After a solid couple days of preparation, we were in the next phase of the operation, from memory it took an army of refrigerated trucks a good few trips to make the short drive down to the Race Course. What an amazing venue I can still recall a light mist and the smell of freshly cut grass in the morning, we were set up in these massive marquee tents in the centre of the grounds, there were live cooking stations, grazing tables, and servers circulating with our freshly assembled Canapés, huge Buffets and thousands of beautiful people ready to devour all we had created. Every single Chef had to be proud we all came together and pulled it off. It was symphony orchestrated by one man. Cookboy and I worked a solid 27 hours straight a short break in between quick trip home for a shower and to grab a fresh pair of jocks, jacket and apron.

I was lit, buzzing off the experience. Next stop for me was culinary school. I wanted to get a solid grounding a sound knowledge of the basics. Which led to my next dilemma, where was I going to get the funding to afford the fees?  Honestly, that was a minor issue given my background in wheeling and dealing, I’ve hustled my entire life. I was sure I could make this happen. I had the vision, I had clarity and to me, if you have at least one of those – nothing is impossible. So with that in mind, I started to hustle, working 3 different jobs to bring in the income I needed. I landed a day time job in  Retail selling paint and art supplies to artists by day, Served tables for tips by night and a few evenings a week I would volunteer in my local Thai restaurant to learn a few skills.

It took a while to get there, but eventually, I did. All the cash I was earning I was stashing in rolls in my mattress. I saved up every cent I had. When I wasn’t serving tables or working in kitchens I was immersing myself in technique, reading about food, educating myself, developing my tastes for different celebrity chefs and TV personalities. At this point, I was living in my brothers’ house and using them as my guinea pigs, like some evil conjurer of spells. Some nights we would only get to eat after 10 pm because I was either trying to master knife skills or something would completely flop or burn or just have way too many contrasting flavours or textures and it would be deemed inedible. It would take me what felt like an eternity (which in fact probably was!) to brunoise carrots.

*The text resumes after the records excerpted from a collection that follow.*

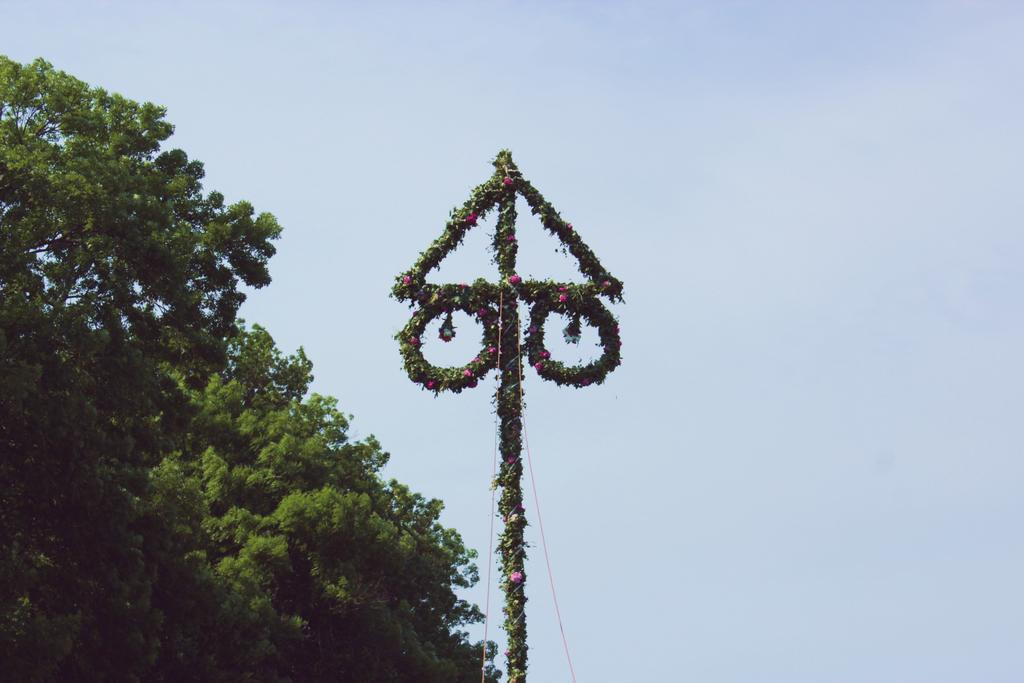What type of plant is present in the image? There is a tree in the image. What can be seen in the background of the image? The sky is visible in the image. What is the pole in the image covered with? The pole is covered with flowers and leaves in the image. What color are the objects in the image? There are red-colored objects in the objects in the image are red. How does the cart move around in the image? There is no cart present in the image. What is the back of the tree in the image? The image does not show the back of the tree, as it is a two-dimensional representation. 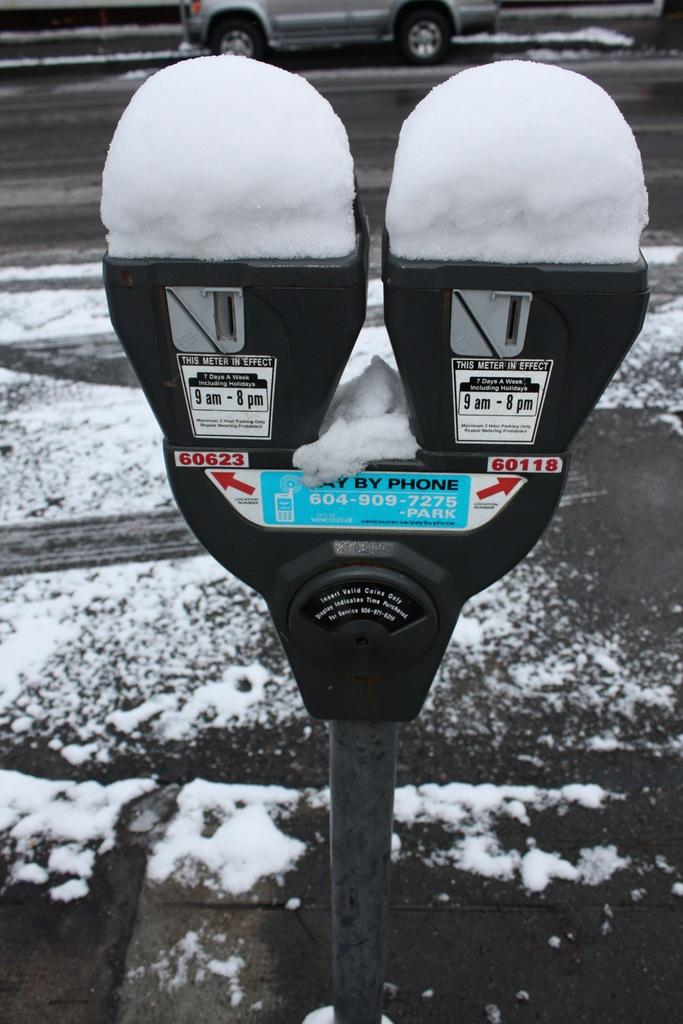<image>
Render a clear and concise summary of the photo. With these parking meters you can pay by phone 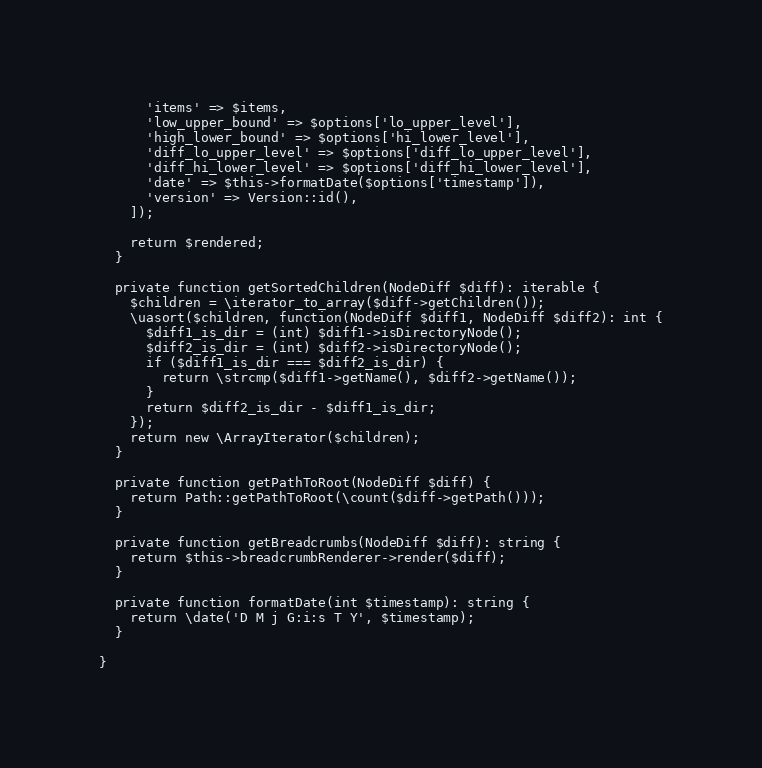<code> <loc_0><loc_0><loc_500><loc_500><_PHP_>      'items' => $items,
      'low_upper_bound' => $options['lo_upper_level'],
      'high_lower_bound' => $options['hi_lower_level'],
      'diff_lo_upper_level' => $options['diff_lo_upper_level'],
      'diff_hi_lower_level' => $options['diff_hi_lower_level'],
      'date' => $this->formatDate($options['timestamp']),
      'version' => Version::id(),
    ]);

    return $rendered;
  }

  private function getSortedChildren(NodeDiff $diff): iterable {
    $children = \iterator_to_array($diff->getChildren());
    \uasort($children, function(NodeDiff $diff1, NodeDiff $diff2): int {
      $diff1_is_dir = (int) $diff1->isDirectoryNode();
      $diff2_is_dir = (int) $diff2->isDirectoryNode();
      if ($diff1_is_dir === $diff2_is_dir) {
        return \strcmp($diff1->getName(), $diff2->getName());
      }
      return $diff2_is_dir - $diff1_is_dir;
    });
    return new \ArrayIterator($children);
  }

  private function getPathToRoot(NodeDiff $diff) {
    return Path::getPathToRoot(\count($diff->getPath()));
  }

  private function getBreadcrumbs(NodeDiff $diff): string {
    return $this->breadcrumbRenderer->render($diff);
  }

  private function formatDate(int $timestamp): string {
    return \date('D M j G:i:s T Y', $timestamp);
  }

}
</code> 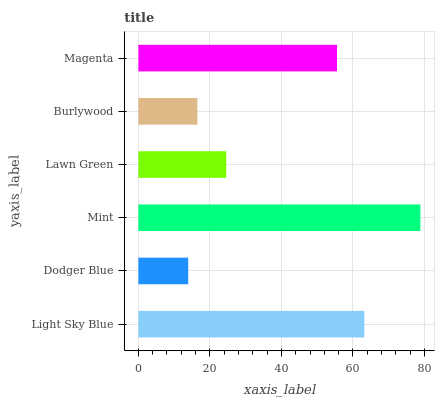Is Dodger Blue the minimum?
Answer yes or no. Yes. Is Mint the maximum?
Answer yes or no. Yes. Is Mint the minimum?
Answer yes or no. No. Is Dodger Blue the maximum?
Answer yes or no. No. Is Mint greater than Dodger Blue?
Answer yes or no. Yes. Is Dodger Blue less than Mint?
Answer yes or no. Yes. Is Dodger Blue greater than Mint?
Answer yes or no. No. Is Mint less than Dodger Blue?
Answer yes or no. No. Is Magenta the high median?
Answer yes or no. Yes. Is Lawn Green the low median?
Answer yes or no. Yes. Is Mint the high median?
Answer yes or no. No. Is Light Sky Blue the low median?
Answer yes or no. No.

I was learning, I made a lot of mistakes, I was so immersed in trying to get every little dice perfect and consistent a perfect 2by2.

You have to learn the process. You learn it through endless repletion. Until you own it until it belongs to you. I wouldn’t realize how much time had passed until I would look up to see the Family, staring at me with Hangry eyes! Thank god there weren’t Uber eats around. As I would probably still be eating that lasagne. Strange how I am still so excited about cooking and ingredients as I was then when I hadn’t a clue. All those experiences have made into the Chef I am today. I guess that’s the beauty of our profession One will never learn all there is to learn about Food. Food is fluid forever changing, Chefs are trailblazers. There is always something new to learn new horizons to discover.

And my silver lining was just weathering on the next storm…

To be continued…. stay tuned for the next instalment

 

2 thoughts on “Laying the groundwork”

  1. Thank you for sharing your story!! I’m in culinary school myself and I’m in my hardest class!! I’m learning how to cook different dishes from around the world. I also get a chance to go to disney world with my school next year. Very excited about what I have accomplished this far!

  2. Well done and keep at it. It’s a daily grind.
    My advice to you would be stay focused, stay hungry and don’t let anyone extinguish your passion.
    It’s hard industry but can be very rewarding.